The training covers detecting obfuscated strings in the binary, and deriving the original value by use of python scripts or dynamic analysis.

Packed binaries typically utilize a stub to transition the contained executable code into a usable state, and then it is executed. Both dynamic and static analysis approaches are covered, explaining how to identify and analyze packed binaries.

Yara

Yara is noted as a common format shared amongst the community for analyzing malware, useful for identifying certain functionality within a binary, or if a malware binary belongs to a particular family.

The training requires Yara rules to be written to match against real malware. The strongest Yara rules are those which match against portions of the binary that are difficult to change, and should be created accordingly.

Automation

Throughout the training and in the community, various automation tools are showcased, or even suggested.

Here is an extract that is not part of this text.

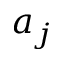Convert formula to latex. <formula><loc_0><loc_0><loc_500><loc_500>a _ { j }</formula> 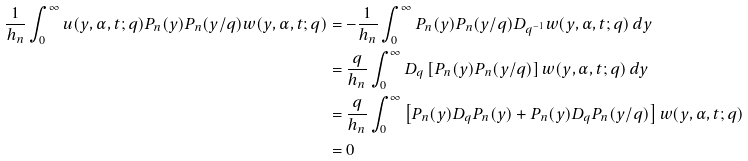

Some of the most frequently referred include: AssemblyLine, Any.run, Joe’s Sandbox, and Unpac.Me.

Other tools that are mentioned which are very helpful for analysis and continued learning include: VirusTotal, Malware Bazaar, and MalShare.

Conclusion

A comprehensive exam must be passed in order to complete the training and receive the certificate. After finishing, I felt I had found the structure I needed to confidently continue building my reverse engineering skill set.

I’d like to once again mention, the community around InvokeRE is absolutely incredible. The Discord server is a fantastic resource, where you’re sure to find incredible people willing to help. Even developers for great tools such as Binary Ninja can be found participating in the conversations there.

As for me, the training took around a month to complete. When I chose to pursue IMBT, I already had some experience with C, AMD64, and Windows internals. Again, I really don’t think this is a requirement. I believe with any subject in the world of computers, the key is to take things slow and take your time. Make sure you understand the topic at hand to the best of your ability before continuing, and don’t get frustrated if you have to come back to it.

Thank you for reading.

Good luck out there, and never stop learning!